Momon berbicara dengan normal kepada wanita di meja. “Saya menyelesaikan pekerjaan yang saya lakukan. Siap untuk pekerjaan berikutnya, jadi tolong pilihkan sesuatu untukku.”
Mata wanita itu melebar untuk sepersekian detik. Bellote tahu alasannya. Pekerjaan yang dilakukan Momon akan sulit bahkan untuk tim peringkat mitos dan mungkin akan memakan waktu cukup lama. Dia telah melakukannya dalam waktu singkat.
Ya. Bergantung padanya berarti pekerjaan peringkat-mitril dapat diselesaikan tanpa masalah. Itu hanya alami. Itu hanya definisi petualang dengan peringkat tertinggi.
“Bisnis itu buruk,” keluh Bellote. Tentu saja, dia tidak serius. Seseorang yang mencapai status mitos, kecuali sesuatu yang gila, akan menabung cukup banyak uang untuk pensiun dan menjalani sisa hidup mereka dengan santai. Sebagian besar petualang di wilayah ini yang mencapai level itu ada di dalamnya karena alasan selain uang.
“Ah, maafkan saya, Tuan Momon. Saat ini kami tidak memiliki permintaan yang sepadan dengan waktu Anda. Maaf, tapi saya harap Anda mengerti. ” Dia berdiri dan membungkuk.
“Begitu—” Dia baru saja akan mengatakan sesuatu tetapi tiba-tiba berhenti. Setelah beberapa detik, dia membuka mulutnya lagi. “Oke. Itu sebenarnya sempurna. Saya ingat sesuatu yang harus saya lakukan, jadi saya akan kembali ke penginapan saya. Jika ada permintaan mendesak untuk saya, silakan kirim ke sana. Kamu tahu tempatnya, kan?”

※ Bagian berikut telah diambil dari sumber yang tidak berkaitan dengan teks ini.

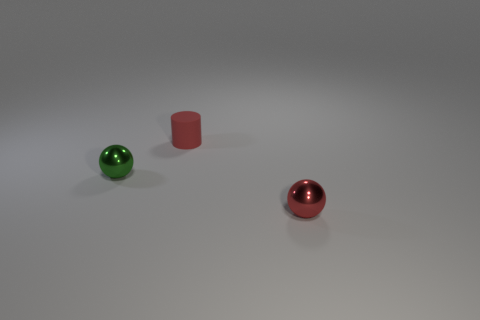Add 1 big brown things. How many objects exist? 4 Subtract all green spheres. How many spheres are left? 1 Subtract all cylinders. How many objects are left? 2 Subtract all brown balls. Subtract all brown cylinders. How many balls are left? 2 Subtract all purple spheres. How many brown cylinders are left? 0 Subtract all green spheres. Subtract all small green balls. How many objects are left? 1 Add 3 tiny things. How many tiny things are left? 6 Add 1 small metallic objects. How many small metallic objects exist? 3 Subtract 0 cyan spheres. How many objects are left? 3 Subtract 1 spheres. How many spheres are left? 1 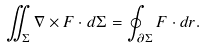Convert formula to latex. <formula><loc_0><loc_0><loc_500><loc_500>\iint _ { \Sigma } \nabla \times F \cdot d \Sigma = \oint _ { \partial \Sigma } F \cdot d r .</formula> 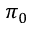<formula> <loc_0><loc_0><loc_500><loc_500>\pi _ { 0 }</formula> 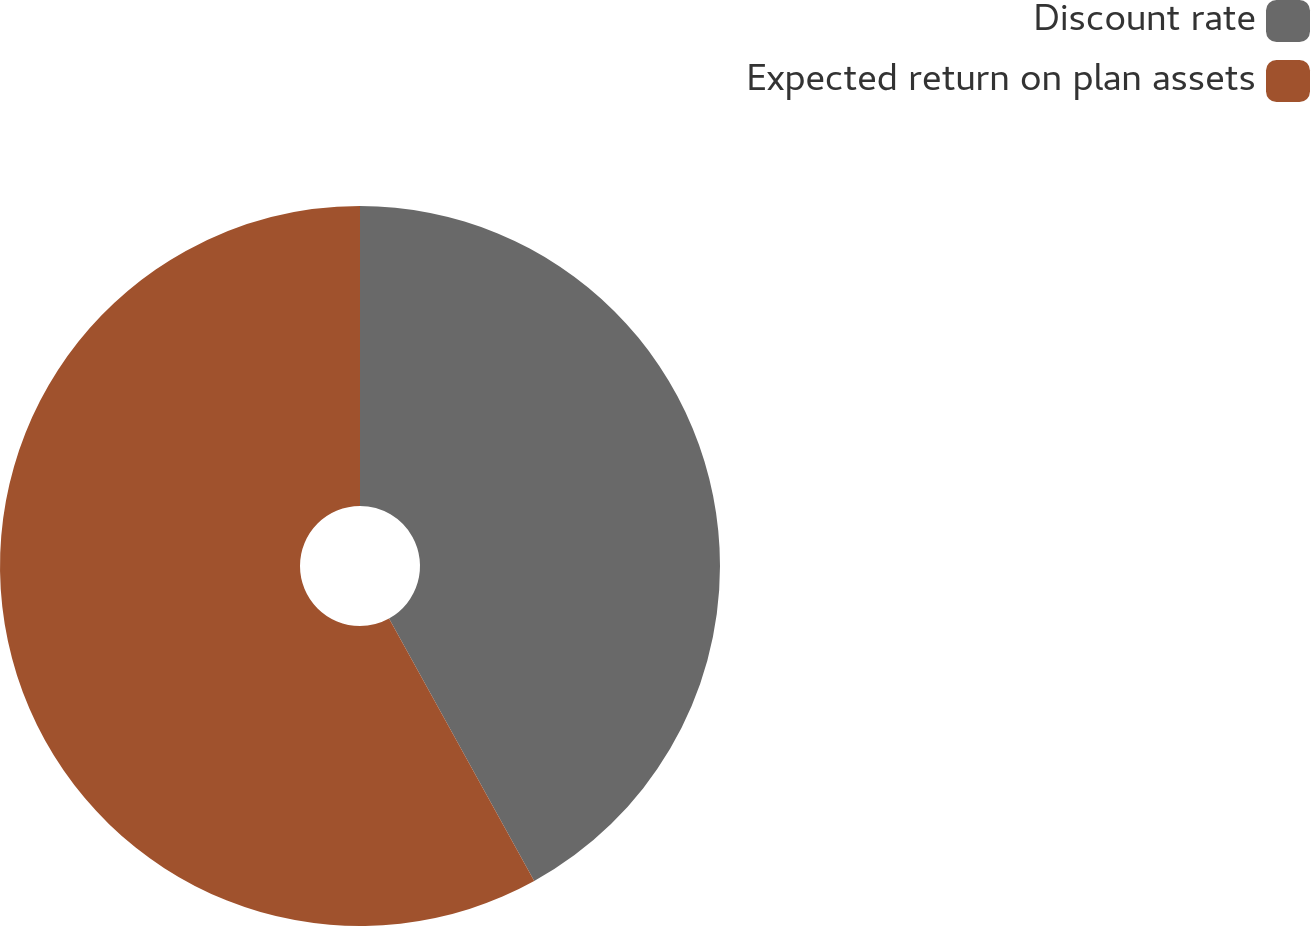Convert chart. <chart><loc_0><loc_0><loc_500><loc_500><pie_chart><fcel>Discount rate<fcel>Expected return on plan assets<nl><fcel>41.96%<fcel>58.04%<nl></chart> 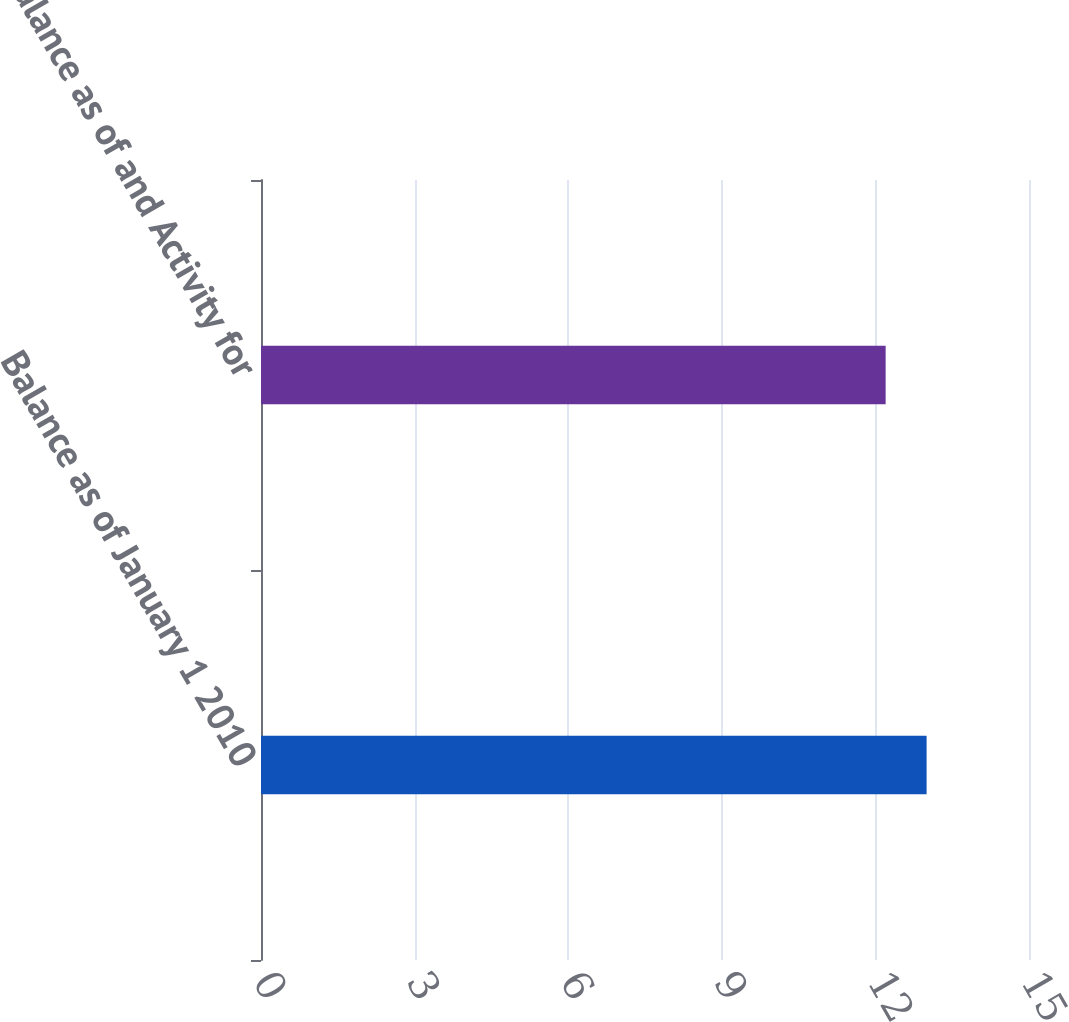Convert chart to OTSL. <chart><loc_0><loc_0><loc_500><loc_500><bar_chart><fcel>Balance as of January 1 2010<fcel>Balance as of and Activity for<nl><fcel>13<fcel>12.2<nl></chart> 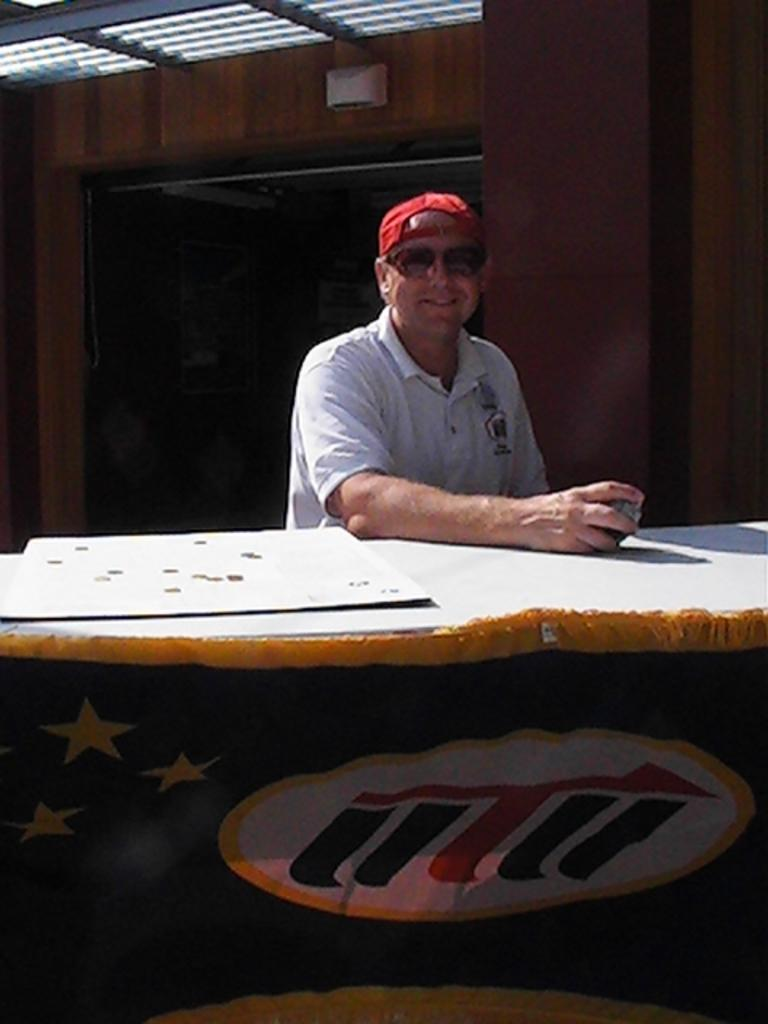Who is present in the image? A: There is a man in the image. What is the man wearing on his upper body? The man is wearing a white shirt. What type of headwear is the man wearing? The man is wearing a red hat. What is the man doing in the image? The man is sitting on a chair. What furniture is visible in the image? There is a table in the image. What is covering the table? There is a sheet on the table. What type of flowers can be seen growing near the man's feet in the image? There are no flowers present in the image; the man is sitting on a chair with a table and a sheet nearby. 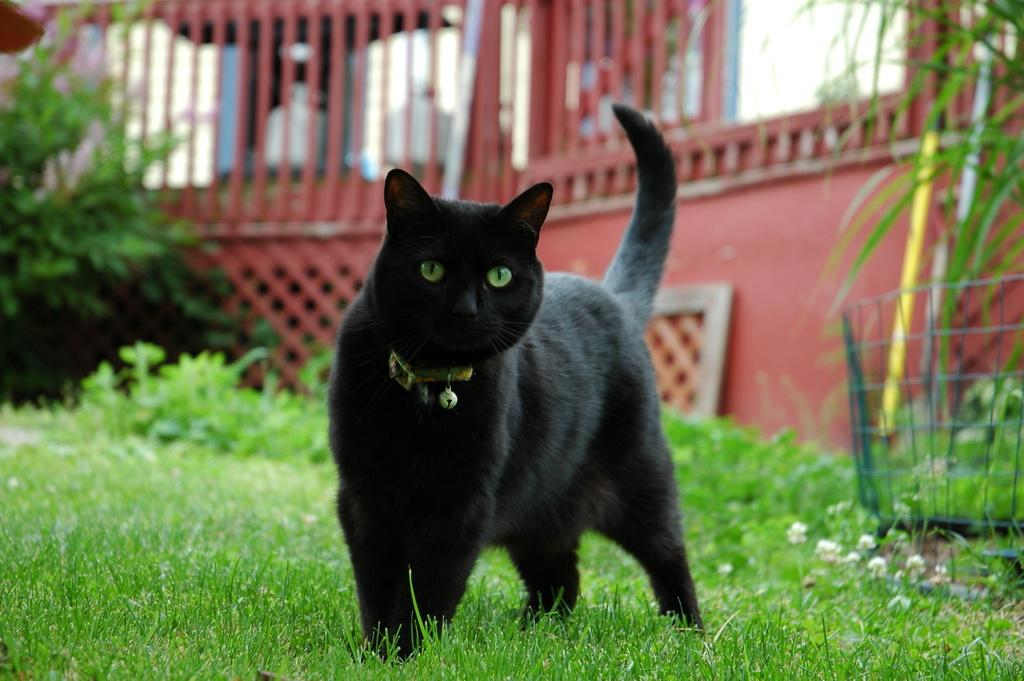What is the main subject in the image? There is a black (person or animal) standing on the grass. Can you describe the background of the image? The background of the image is blurred, but there is a wall, plants, a grill, and some unspecified objects visible. What is the subject standing on? The subject is standing on the grass. What might be the purpose of the grill in the background? The grill in the background might be used for cooking or barbecuing. How does the subject stretch in the image? There is no indication that the subject is stretching in the image; it is simply standing on the grass. What part of the subject is laughing in the image? There is no indication that the subject is laughing in the image; it is not displaying any facial expressions. 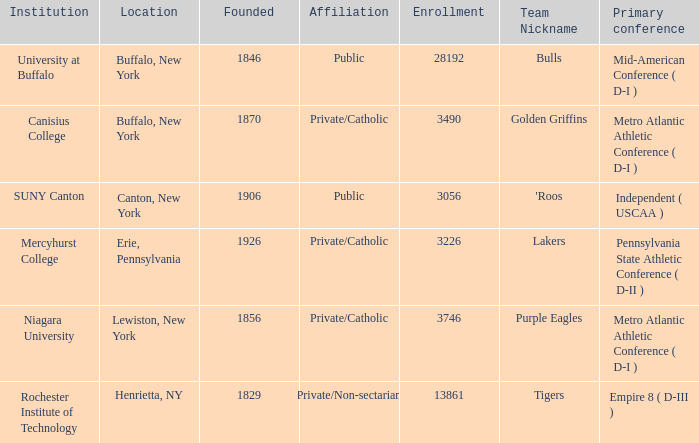What is the association of erie, pennsylvania? Private/Catholic. 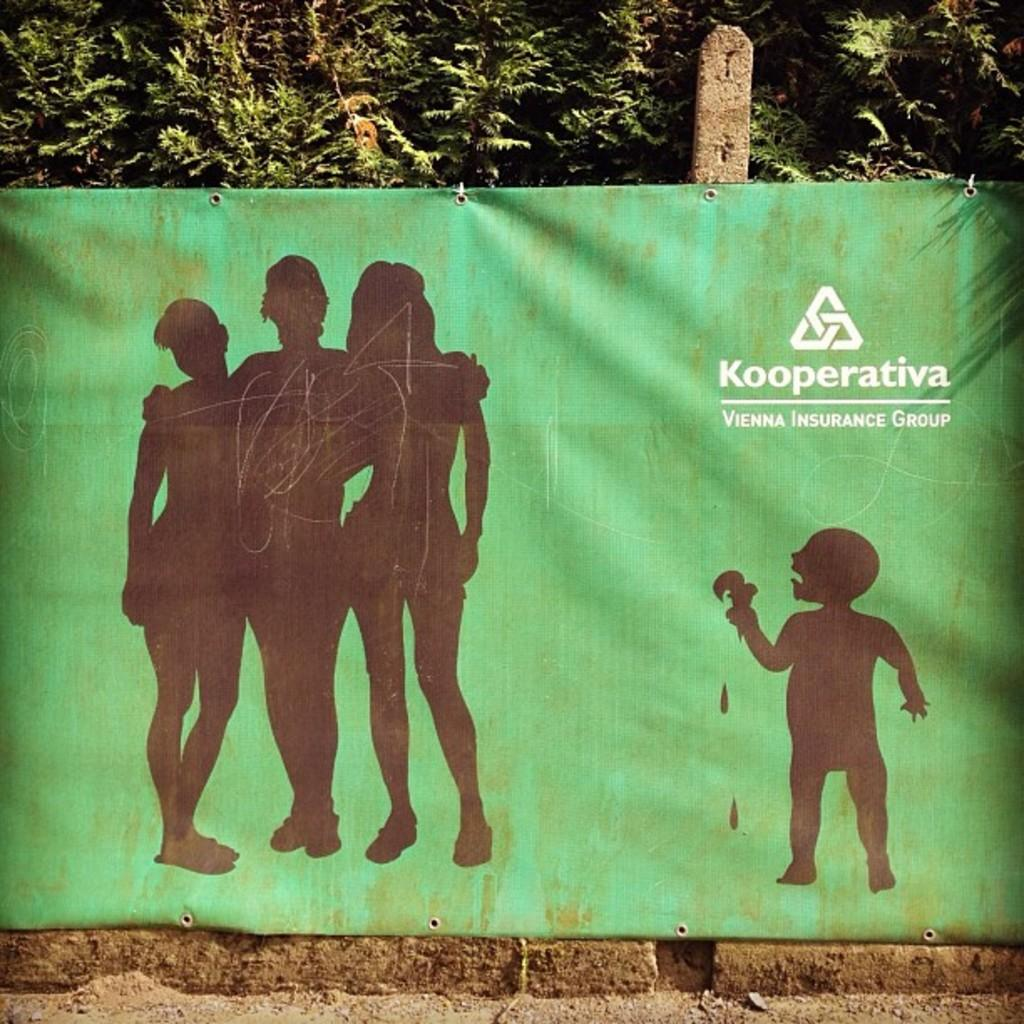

“Ya. Itu Golden Glimmer, kan?”
Ainz mengangguk, mengenakan jubah merahnya dengan gaya, dan berangkat.
Saat dia lewat, Bellote mendengar suaranya dengan samar. Itu sangat sunyi sehingga dia hanya bisa mendengarnya sedikit, dan dia tidak tahu apa artinya.
Kata-kata yang diucapkan Ainz yang tidak dapat ditangkap oleh Bellote adalah perintah untuk menunjukkan kekuatan militer yang luar biasa di negeri yang jauh. “Pesan Gargantua untuk mengaktifkan. Panggil Korban. Begitu Cocytus kembali, aku ingin para penjaga lantai keluar dengan kekuatan penuh.”